The period withholding tax exemption on payments made to non-resident non-individuals for structured products offered by Financial Institutions will be extended until 31 March 2021. Also, the automatic WHT exemption regime will be extended to qualifying payments made on qualifying loans entered into on or before 31 December 2022. Further, the existing Integrated Investment Allowance system will be extended until 31 December 2022.
According to the Budget, the existing set of tax incentives for project and infrastructure finance providing: (a) tax exemption of qualifying income from qualifying project debt securities, (b) tax exemption of qualifying income from qualifying infrastructure projects or assets received by approved entities listed on the Singapore Exchange; and (c) concessionary tax rate of 10% on qualifying income derived by an approved infrastructure trustee manager or fund management company, will be extended to 31 December 2022.
The government signed a Protocol amending the Agreement for the Avoidance of Double Taxation with Singapore on 20 April 2017. The signing took place in Washington D.C. between Senior Minister of State for Finance and Law, Ms Indranee Rajah, and Latvia’s Minister of Finance, Ms Dana Reizniece-Ozola.
The Protocol lengthens the threshold period for determining the presence of a permanent establishment, and lowers the withholding tax rates for dividends, interest, and royalties. These changes, and other changes, are expected to enhance cross-border investment, and boost trade and economic flows between the two countries.
The Protocol will enter into force after its ratification by both countries.
Singapore and Ghana signed a double tax agreement on 31 March 2017. The treaty provides clarification to the taxing rights of both countries on all types of income flows arising from cross-border business activities, and provides provision to ensure the avoidance of double taxation of such income.
According to the treaty the maximum rate of withholding taxes on dividends, interest, and royalties will be 7%. However, the withholding tax rate on service fees will be 10%.

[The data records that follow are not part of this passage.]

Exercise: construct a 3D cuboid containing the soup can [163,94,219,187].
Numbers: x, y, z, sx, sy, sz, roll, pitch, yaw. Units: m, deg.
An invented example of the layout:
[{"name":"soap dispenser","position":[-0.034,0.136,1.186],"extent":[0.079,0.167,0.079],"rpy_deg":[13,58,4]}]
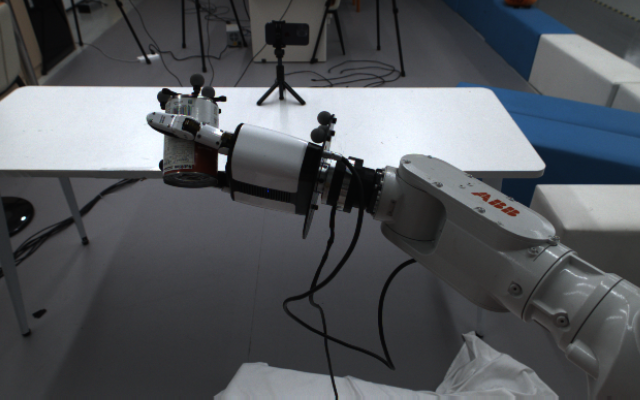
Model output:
[{"name":"soup can","position":[-0.161,-0.071,0.606],"extent":[0.067,0.067,0.101],"rpy_deg":[-1,77,-5]}]
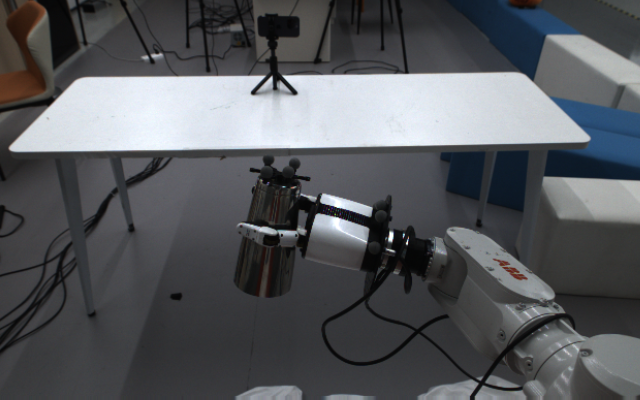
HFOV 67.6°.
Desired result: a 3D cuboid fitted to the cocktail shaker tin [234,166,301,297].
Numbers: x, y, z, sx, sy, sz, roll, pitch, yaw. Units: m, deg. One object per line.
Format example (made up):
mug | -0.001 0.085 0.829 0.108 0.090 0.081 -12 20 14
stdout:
cocktail shaker tin | -0.074 0.049 0.731 0.093 0.170 0.093 10 19 -4
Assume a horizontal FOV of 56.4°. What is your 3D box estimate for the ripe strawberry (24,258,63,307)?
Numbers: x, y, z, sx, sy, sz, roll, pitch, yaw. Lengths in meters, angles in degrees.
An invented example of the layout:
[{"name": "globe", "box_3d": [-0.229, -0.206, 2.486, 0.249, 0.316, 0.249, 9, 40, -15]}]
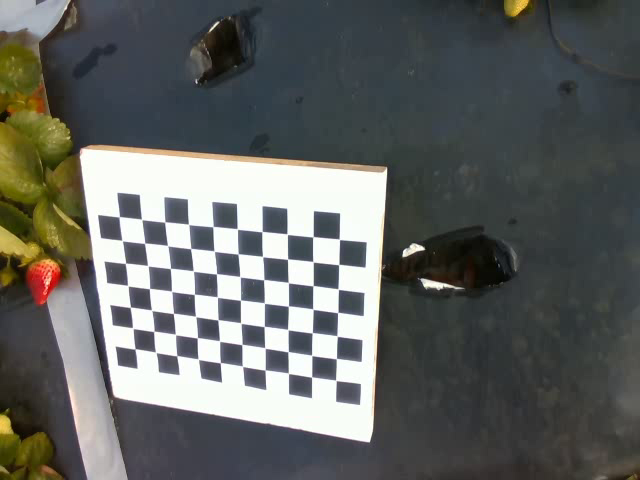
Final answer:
[{"name": "ripe strawberry", "box_3d": [-0.270, 0.043, 0.581, 0.050, 0.055, 0.035, -2, 1, 9]}]
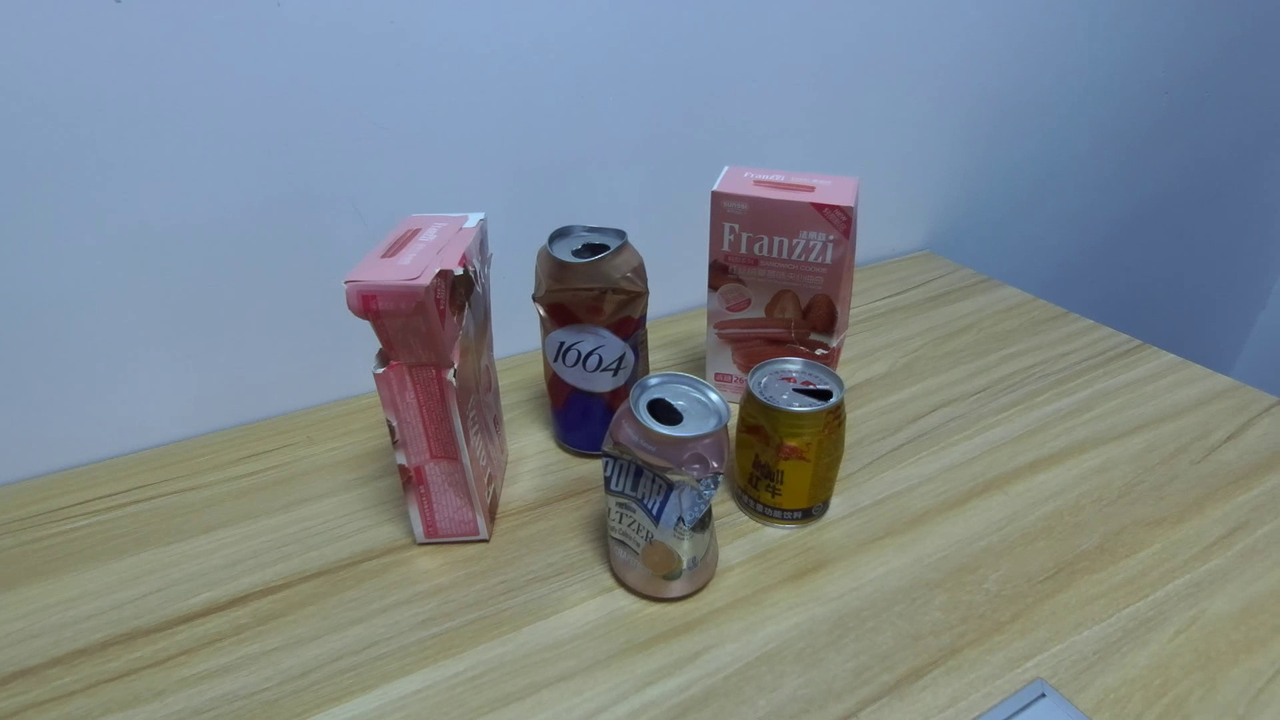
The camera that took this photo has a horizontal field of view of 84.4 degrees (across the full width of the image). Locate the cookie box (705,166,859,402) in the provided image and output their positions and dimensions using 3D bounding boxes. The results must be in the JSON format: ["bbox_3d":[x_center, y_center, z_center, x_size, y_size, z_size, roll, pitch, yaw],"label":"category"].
[{"bbox_3d":[0.107,-0.044,0.530,0.105,0.188,0.049,9,37,15],"label":"cookie box"}]

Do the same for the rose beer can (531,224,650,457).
[{"bbox_3d":[-0.032,-0.011,0.500,0.074,0.162,0.068,-12,33,-14],"label":"rose beer can"}]

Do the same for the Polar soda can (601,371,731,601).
[{"bbox_3d":[0.020,0.074,0.402,0.067,0.122,0.070,-17,35,-35],"label":"Polar soda can"}]

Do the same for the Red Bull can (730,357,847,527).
[{"bbox_3d":[0.097,0.053,0.456,0.069,0.092,0.069,0,31,1],"label":"Red Bull can"}]

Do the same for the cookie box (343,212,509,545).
[{"bbox_3d":[-0.117,0.014,0.439,0.059,0.186,0.105,-1,31,2],"label":"cookie box"}]
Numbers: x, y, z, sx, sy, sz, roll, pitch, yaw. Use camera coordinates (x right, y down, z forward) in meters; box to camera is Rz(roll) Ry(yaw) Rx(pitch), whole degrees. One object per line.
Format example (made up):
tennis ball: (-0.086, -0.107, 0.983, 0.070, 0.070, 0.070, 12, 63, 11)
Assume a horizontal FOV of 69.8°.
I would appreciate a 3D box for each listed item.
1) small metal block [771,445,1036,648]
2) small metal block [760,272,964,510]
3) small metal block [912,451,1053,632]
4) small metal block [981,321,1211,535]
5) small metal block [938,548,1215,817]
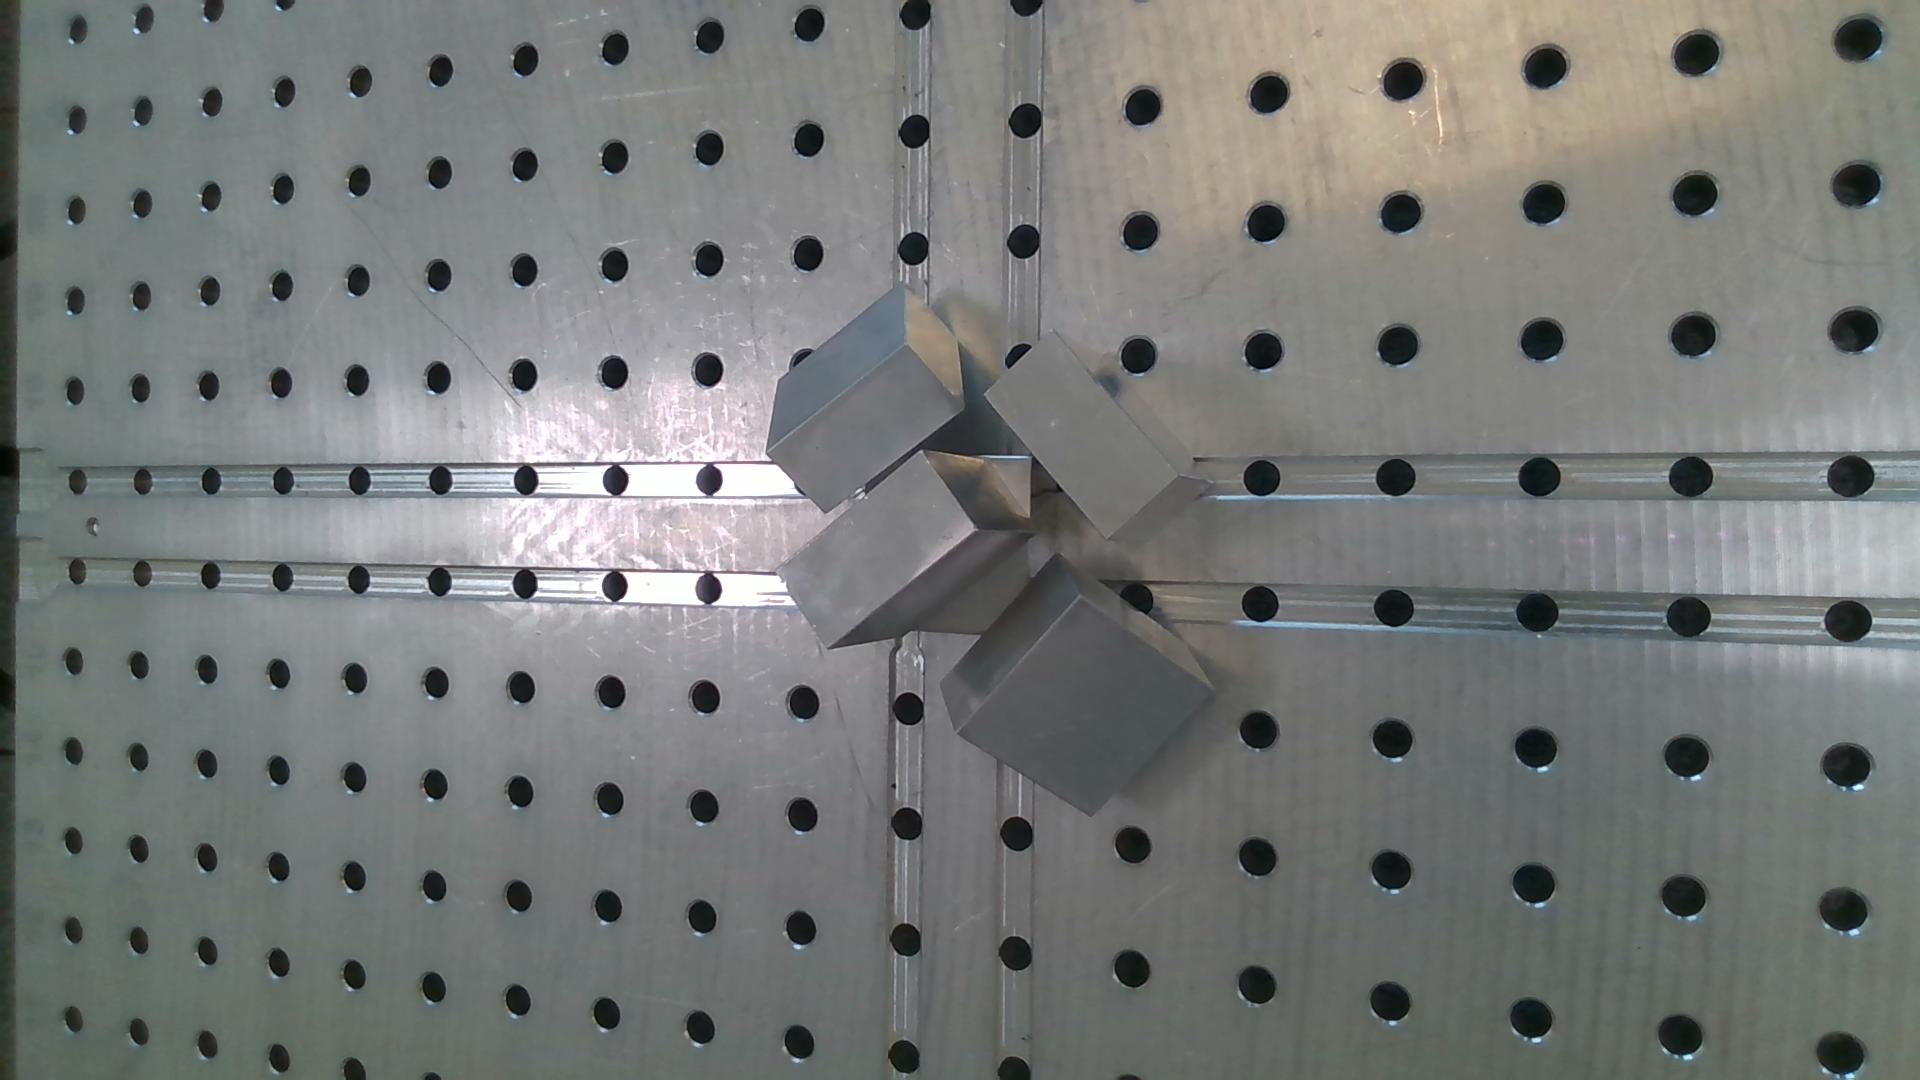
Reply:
small metal block: (-0.013, 0.002, 0.361, 0.050, 0.050, 0.025, -38, 79, 17)
small metal block: (-0.027, -0.043, 0.390, 0.050, 0.050, 0.025, -35, 116, 17)
small metal block: (0.000, 0.000, 0.396, 0.050, 0.025, 0.050, 0, 92, 20)
small metal block: (0.038, -0.028, 0.369, 0.025, 0.050, 0.050, -43, 77, 15)
small metal block: (0.031, 0.039, 0.371, 0.050, 0.025, 0.050, 35, 105, -24)
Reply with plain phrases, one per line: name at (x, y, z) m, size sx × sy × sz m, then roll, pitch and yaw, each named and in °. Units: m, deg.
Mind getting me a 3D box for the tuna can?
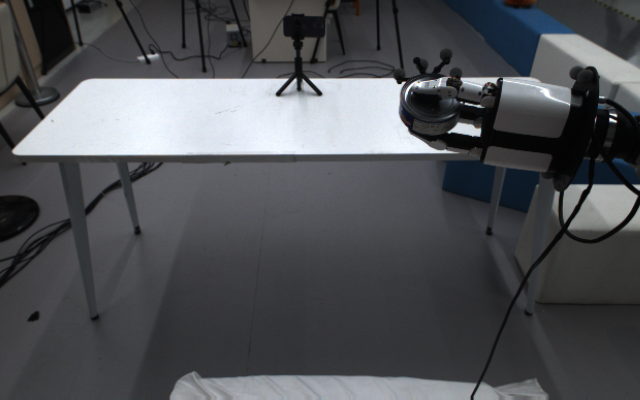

The agreement will enter into force after both countries complete the ratification procedure and the above rates will become effective on or after January 1 following the year in which the agreement comes into force.
The Competent Authority Agreement on Automatic Exchange of Information (2016) between Singapore and Luxembourg was signed on 10 March 2017. The agreement provides details of what types information will be exchanged and when, in accordance with OECD Automatic Exchange of Information Agreement (2014).